In a letter sent to Dutch lawmakers Monday evening, Foreign Minister Caspar Veldkamp declared the two ministers "persona non grata," adding that "the war in Gaza must stop."
The United Nations Children’s Fund (UNICEF) reports that one in three people in Gaza is going multiple days at a time without eating. Meanwhile, acute malnutrition rates have quadrupled over the past month to the point where nearly 1 in 5 children is at risk of death from hunger.
"People are starving not because food is unavailable, but because access is blocked, local agrifood systems have collapsed, and families can no longer sustain even the most basic livelihoods," said Qu Dongyu, the director-general of the U.N.'s Food and Agriculture Organization (FAO).
Israel said it allowed 120 aid trucks to enter the strip on Sunday. But according to U.N. aid chief Tom Fletcher, that is "a drop in the ocean" compared to what the population needs to survive.
As starvation in Gaza approached what a U.N.-backed report described Monday as the "worst case scenario," Smotrich and Ben-Gvir have doubled down on calls for maximum torment.
After Netanyahu announced that Israel would allow a meager trickle of aid into the strip following international outcry, Ben-Gvir described Netanyahu as "morally bankrupt" for allowing any food into the strip.
"I think at this stage, the only thing you should be sending to Gaza is shells," Ben-Gvir said. "To bomb, conquer, encourage emigration, and win the war."
Last week, at a conference in the Israeli parliament with far-right Jewish settlers, Smotrich discussed plans "to relocate Gazans to other countries," which he said "will serve as a means of facilitating the settlement of the strip" by Jewish Israelis.
In May, Smotrich said, "Within a few months, we will be able to declare that we have won.
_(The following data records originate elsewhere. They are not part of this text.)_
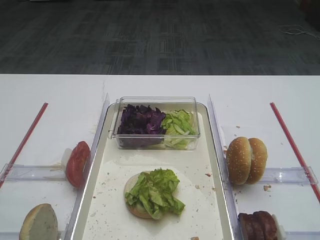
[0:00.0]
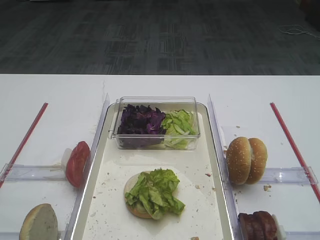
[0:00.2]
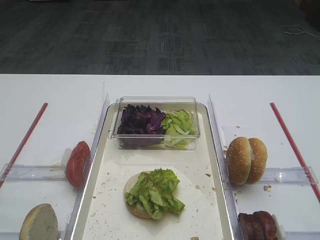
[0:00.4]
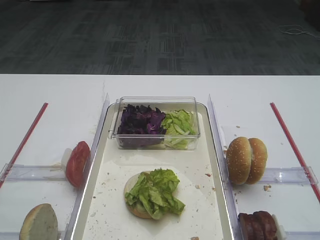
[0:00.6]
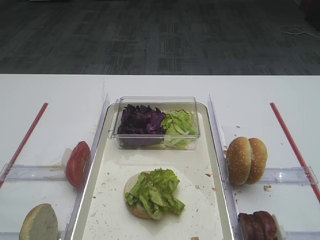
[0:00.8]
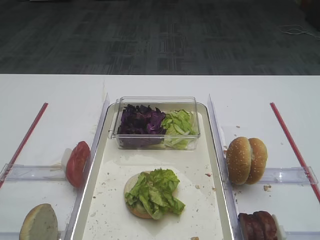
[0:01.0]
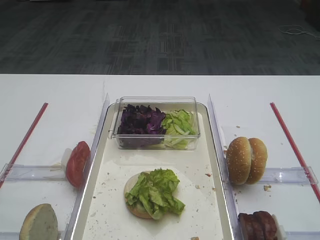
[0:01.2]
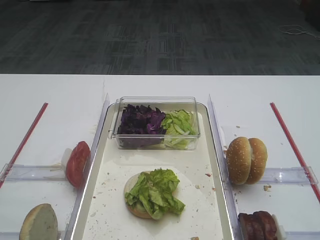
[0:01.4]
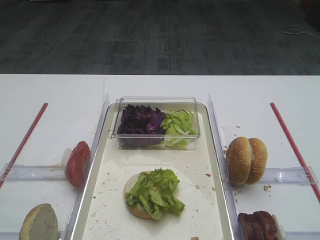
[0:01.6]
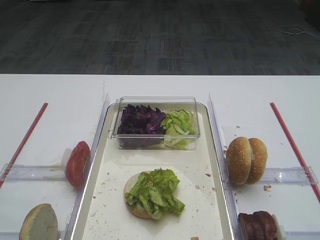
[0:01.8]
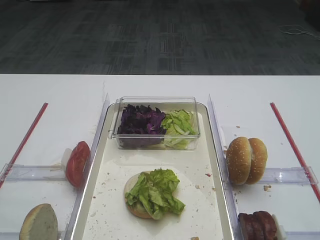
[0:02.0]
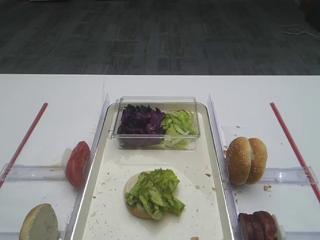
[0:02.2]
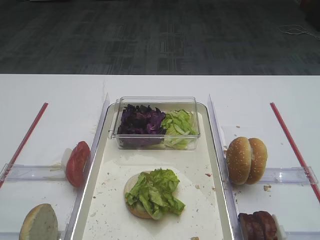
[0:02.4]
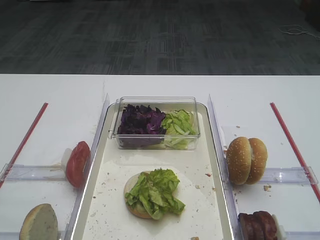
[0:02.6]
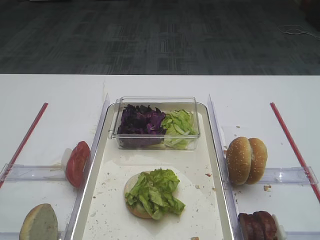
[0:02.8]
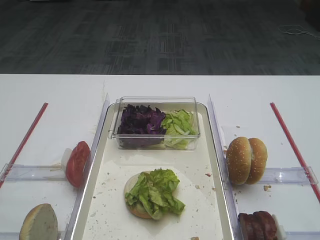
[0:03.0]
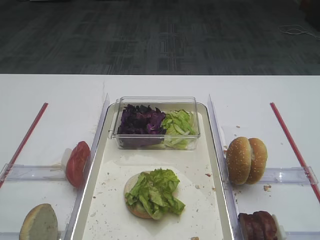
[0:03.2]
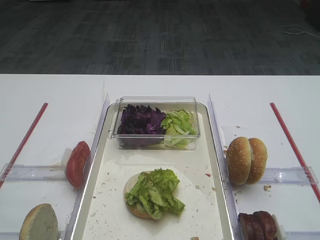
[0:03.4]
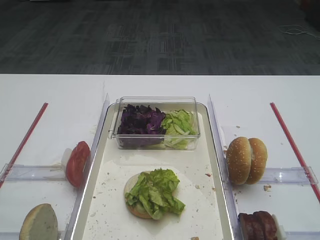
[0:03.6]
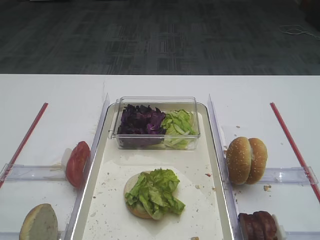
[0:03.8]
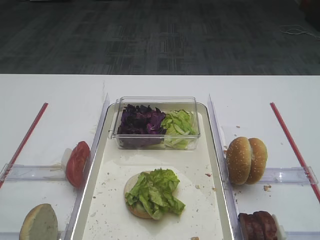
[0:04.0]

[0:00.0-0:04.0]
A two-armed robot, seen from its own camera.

Gaza will be totally destroyed," and spoke of "concentrating" its civilians in preparation for their mass exodus from the strip.
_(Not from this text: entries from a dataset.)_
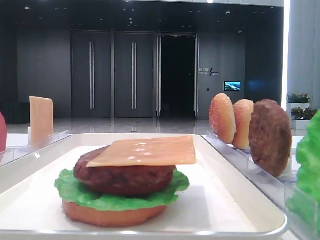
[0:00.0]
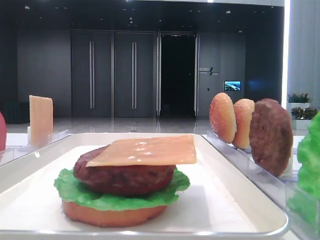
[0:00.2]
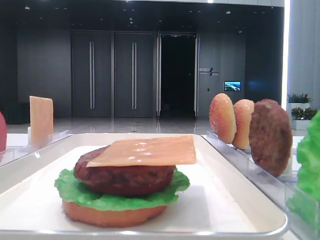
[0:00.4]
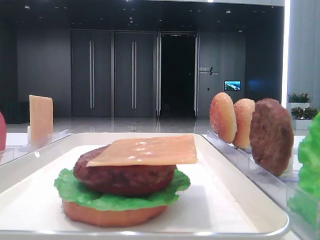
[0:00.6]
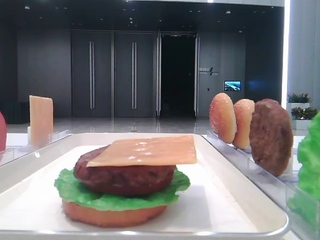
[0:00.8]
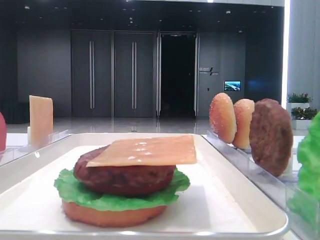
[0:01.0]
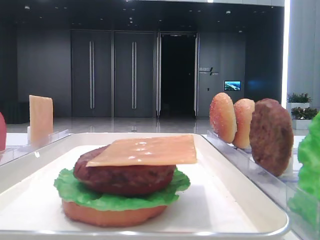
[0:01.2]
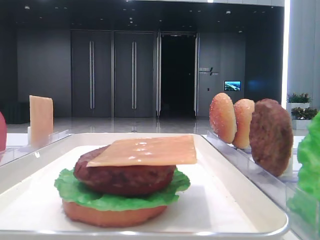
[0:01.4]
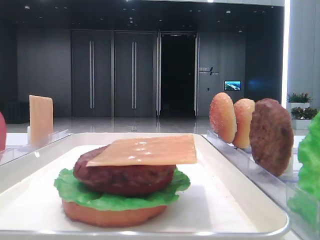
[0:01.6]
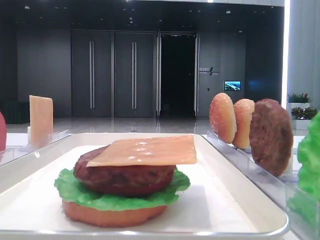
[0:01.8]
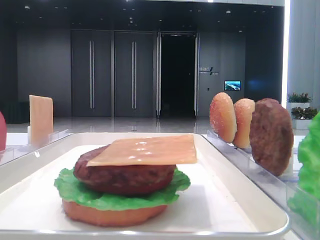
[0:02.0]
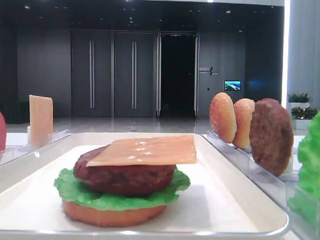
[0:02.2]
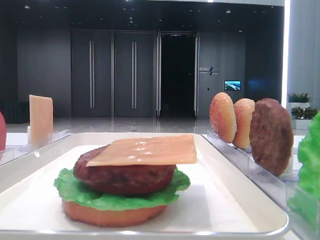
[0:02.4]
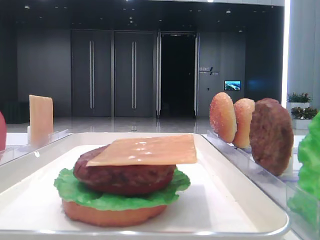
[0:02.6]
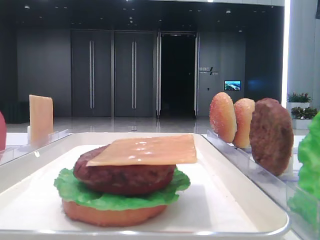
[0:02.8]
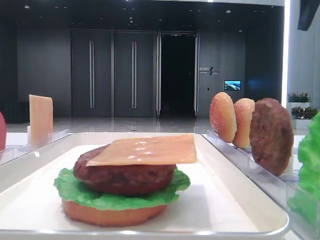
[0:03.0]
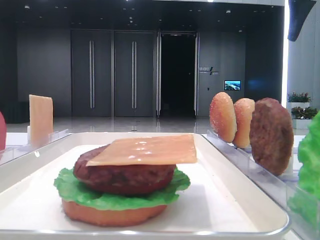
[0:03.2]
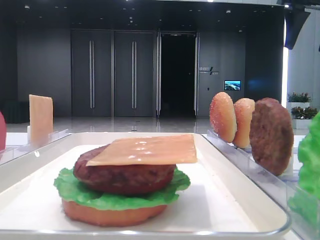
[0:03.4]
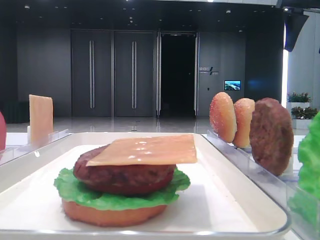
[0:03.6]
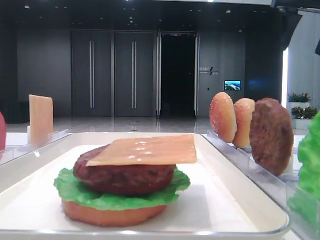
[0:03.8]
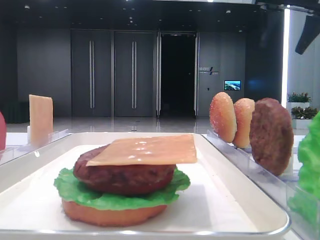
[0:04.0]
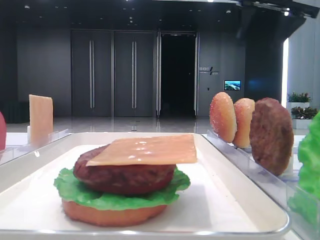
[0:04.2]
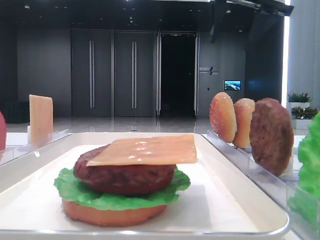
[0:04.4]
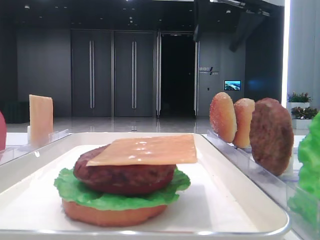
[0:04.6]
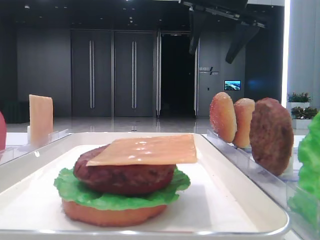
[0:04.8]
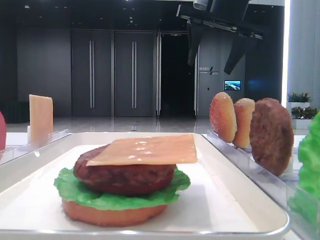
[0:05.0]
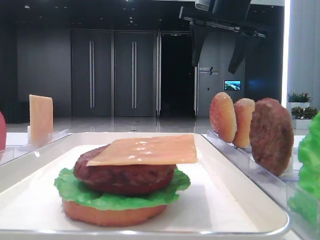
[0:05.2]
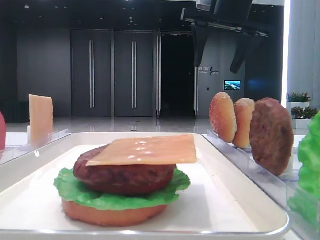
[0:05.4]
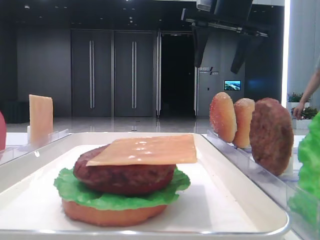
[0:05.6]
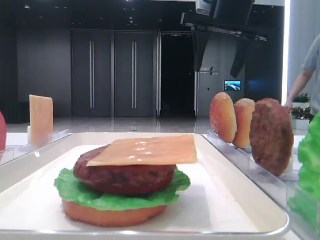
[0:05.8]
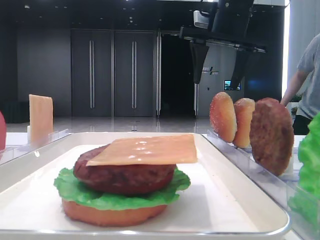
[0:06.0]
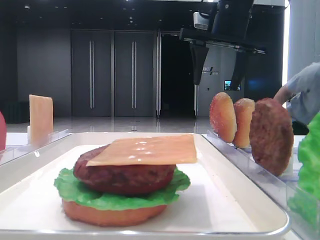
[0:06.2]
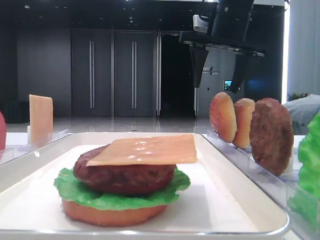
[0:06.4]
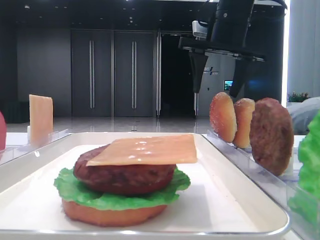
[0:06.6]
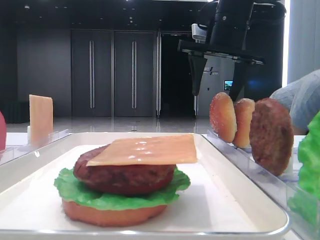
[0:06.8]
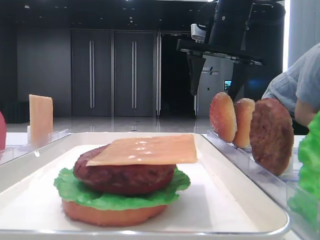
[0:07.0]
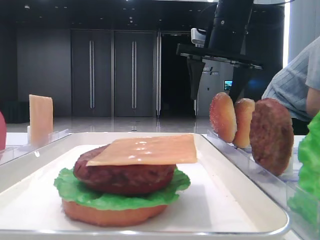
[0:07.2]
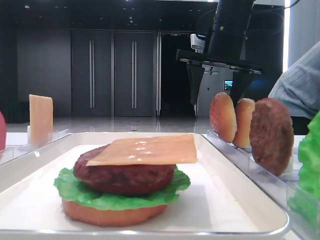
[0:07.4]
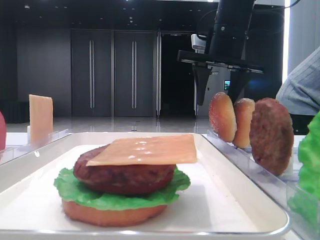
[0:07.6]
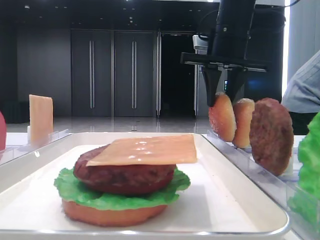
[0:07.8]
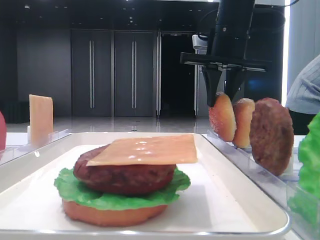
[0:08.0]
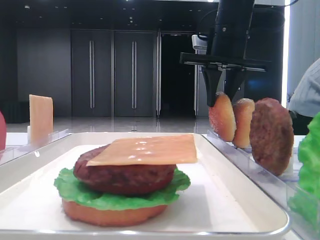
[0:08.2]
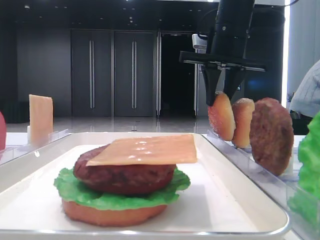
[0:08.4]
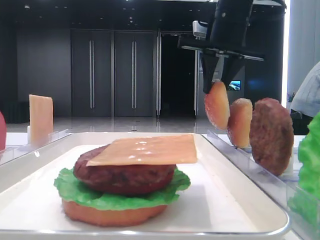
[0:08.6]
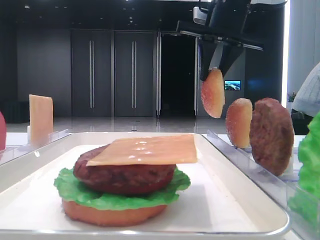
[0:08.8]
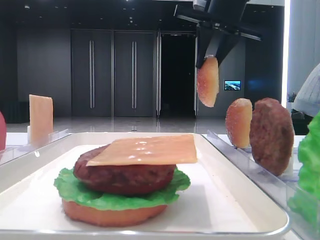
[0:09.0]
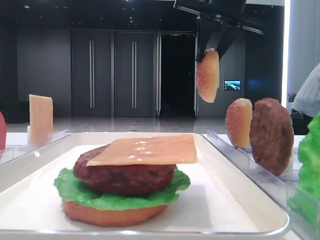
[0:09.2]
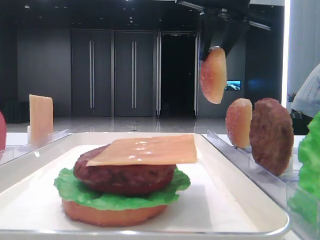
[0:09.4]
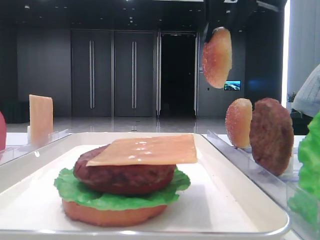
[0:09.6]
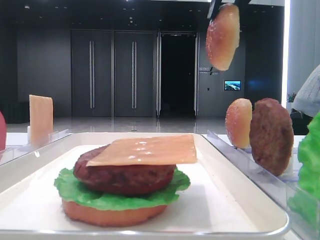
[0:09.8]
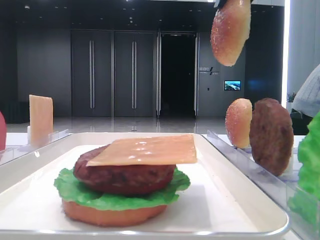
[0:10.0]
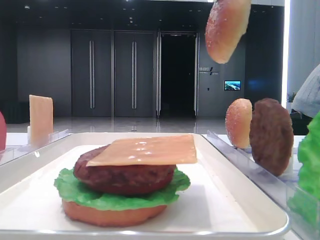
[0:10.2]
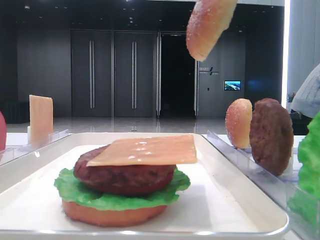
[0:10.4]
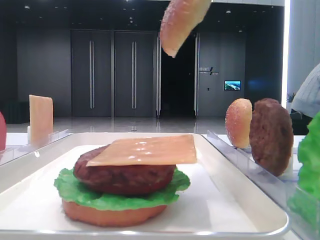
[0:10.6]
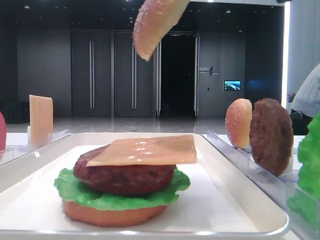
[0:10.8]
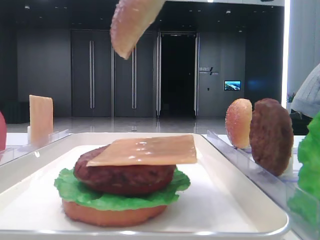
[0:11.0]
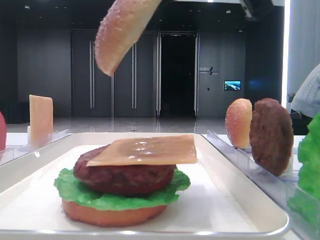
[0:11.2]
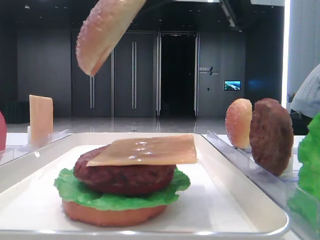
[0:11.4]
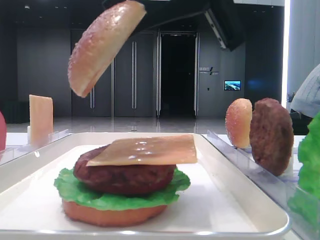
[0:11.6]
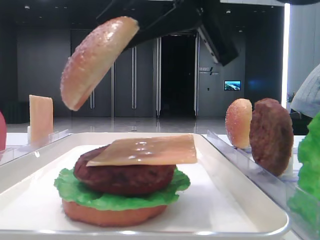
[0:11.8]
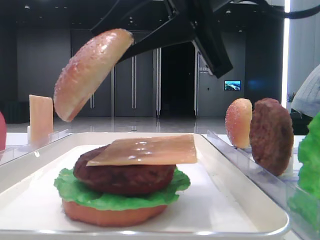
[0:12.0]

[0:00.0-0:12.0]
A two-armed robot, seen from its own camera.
Step, 0:00.0 to 0:08.2: Pick up the top bread slice with the right hand.
0:01.6 to 0:03.0: The right gripper travels forward by about 35 cm.
0:03.0 to 0:04.4: The right gripper heads to the left, covering approximately 15 cm.
0:04.4 to 0:06.0: The right gripper is displaced downward by approximately 5 cm.
0:06.0 to 0:07.6: The grippers stay close to where they were, moving slightly.
0:07.6 to 0:09.0: The right gripper goes about 5 cm upward, and closes up.
0:09.0 to 0:10.4: The right gripper moves backward, about 15 cm.
0:10.4 to 0:12.0: The right gripper heads downward and to the left, covering approximately 10 cm.

"They will be totally despairing, understanding that there is no hope and nothing to look for in Gaza, and will be looking for relocation to begin a new life in other places," he added.
The Netherlands is not the first country to attempt to punish the far-right ministers.
Earlier this month, Slovenia became the first nation to ban Smotrich and Ben-Gvir from entry, citing their incitement of "extreme violence and serious violations of the human rights of Palestinians" with "their genocidal statements."
The United Kingdom, Australia, Canada, New Zealand, and Norway have also imposed financial sanctions on the two men.
On Tuesday, the European Commission proposed partially suspending Israel from the $100 million Horizon research program, citing the Gaza famine.
Dutch Prime Minister Dick Schoof said that unless Israel complies with agreements to allow humanitarian aid access, he would support banning Israel from the prestigious research program and potentially take other "national measures to increase the pressure."
"The government's goal is crystal clear," Schoof said. "The people of Gaza must be given immediate, unfettered, safe access to humanitarian aid."